I don't like that you are talking about performance of rendering as a binary thing: engine either renders an object or not.
It is much more complex. Aside from draw calls (which are very important), there are other things involved.
For instance, pixel fill rate (think about pixels you have to fill with data) and other read/writes to memory.
Also, the complexity of the per-pixel visual effects (which are done in pixel = fragment shaders).
So it is all more complicated: the engine is big, and it is very hard to fully understand all the performance details.
First I'll try to correct some misunderstanding here (well, at least I think so):
- An entity cannot be culled out only because it is occluded by some set of entities. So if there is a candle behind a crate (or several crates) in a room, the candle will be rendered regardless of crates presence. In my opinion, there is no efficient way to check that the candle is fully behind a crate or a barrel, that's why I think so.
- Quake 1 really has software renderer with zero overdraw, but Doom 3 renderer does not have. If engine renders several surfaces which are located on the same place on the screen (and thus occlude each other), then even occluded pixels would take some time to render. However, Doom 3 performs "early depth pass": it renders all the geometry without any lighting/coloring/texturing at the very beginning of the frame to produce depth map. After that it renders everything again, but all the complex math for lighting/texturing (i.e. fragment shader) is done only for the pixels which are actually visible and not occluded by anything. For the pixels which are occluded, only depth calculation and comparison is done (which is much cheaper than full rendering). So you pay for visible pixels, and pay much less for occluded pixels.
As you see, the only way to not pay for triangles and draw calls is to cull the surface completely in frontend.
This is what I'll try to explain now: let's go back to portals culling.
Let's call arbitrary convex polygon on screen "winding". For instance, every portal that you see with r_showPortals is rectangular, and its winding (which is a 2D thing) is a 4-gon.
Every area can be seen by player through a sequence of portals (let's call it "portal path"). For the area where the player is located there are zero portals in this sequence.
Given a portal path, you can intersect the windings of its portals, and you'll get a polygonal winding through which you see the area at the end of the path.
For instance, on this picture the outside area is visible through two portals, which together yield 5-gonal winding (marked by orange color):
Now the main rules are:
- If the windings of the portal path have empty intersection, then it is culled out.
- if one of the portals is sealed (maybe closed door), then the portal path is culled out.

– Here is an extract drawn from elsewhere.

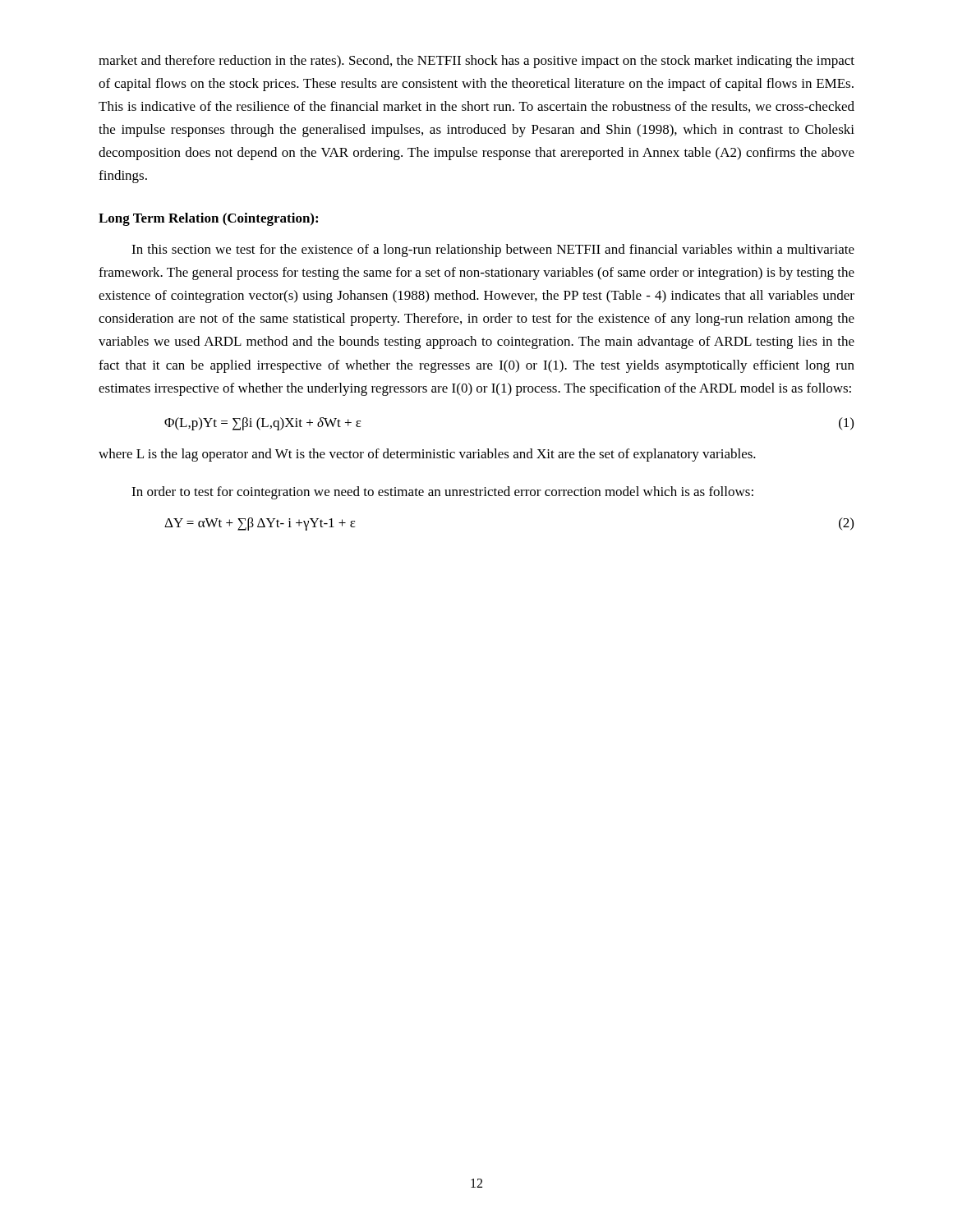
Task: Select the text block that reads "market and therefore reduction in the rates)."
Action: click(476, 118)
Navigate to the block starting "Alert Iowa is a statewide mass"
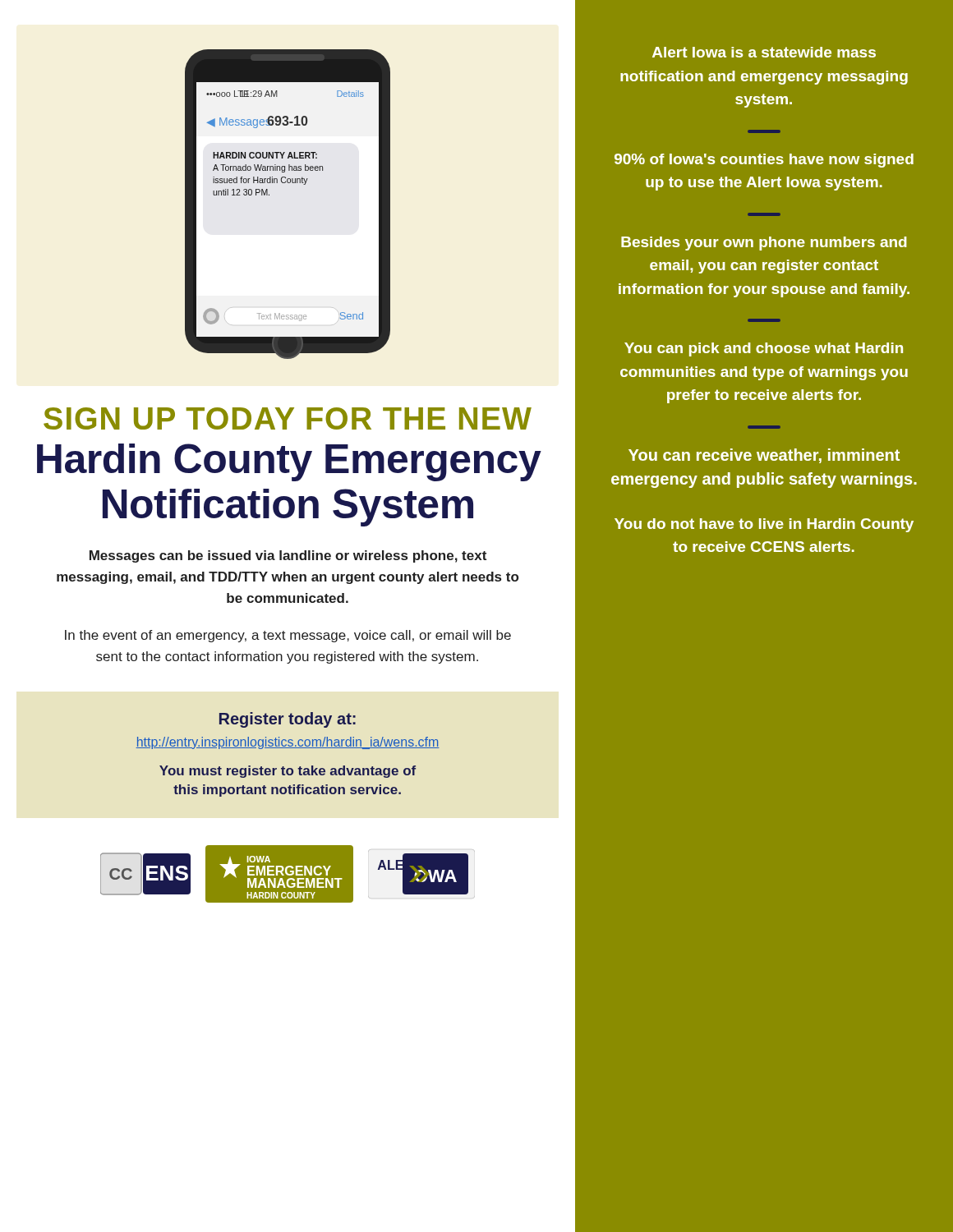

If all portal paths leading to an area are culled out, then it is not rendered and you don't pay for it.
If there is a single remaining portal path into an area, then its winding (recall that it is intersection of path's portals) is used to cull out the entities in the area: if an entity's bounding box is not visible through the winding, then entity is not rendered (so you do not pay for it). If there are several portal paths leading into an area, an entity is drawn only if its bbox gets into at least one winding (I think so). Unfortunately, I cannot say how the winding of the portal path affects the world geometry, but I can imagine that surfaces (sorry, I don't know if "surface" is a known concept/term in DR) which are surely not visible through the winding are culled out too.
This is not over yet. There is also an OpenGL thing called "scissor test", which allows to skip rendering of pixels outside of a specified (axis-aligned) rectangle on the screen. Doom3 uses it heavily: when rendering an area, it sets scissor rectangle to be minimal rectangle bounding the windings of all the portal paths leading to the area (usually one portal path leads to an area, but not always).
As you see, even portals which can be seen through by player (drawn as green when you enable r_showPortals) can help a lot with culling. Note that the description above explains the final effect of portals culling, but does not exactly describe how the implementation works internally. Also, I think that the overhead introduced by portals is pretty low: you should not be afraid that setting 2x more portals would waste CPU time (I suppose so).
Note that there are also shadows, which are culled by different code. For each shadow-casting light, a similar procedure is started from the light itself. It does not matter whether portal is sealed or not here. The algorithm for culling by portal path seems to be completely different in this case, but it also takes into account the fact that even visible portals limit the range through which the light goes.
Having said all that, I'd like to ask a question: has anyone seen a case when adding a portal (or several portals) seriously reduces performance?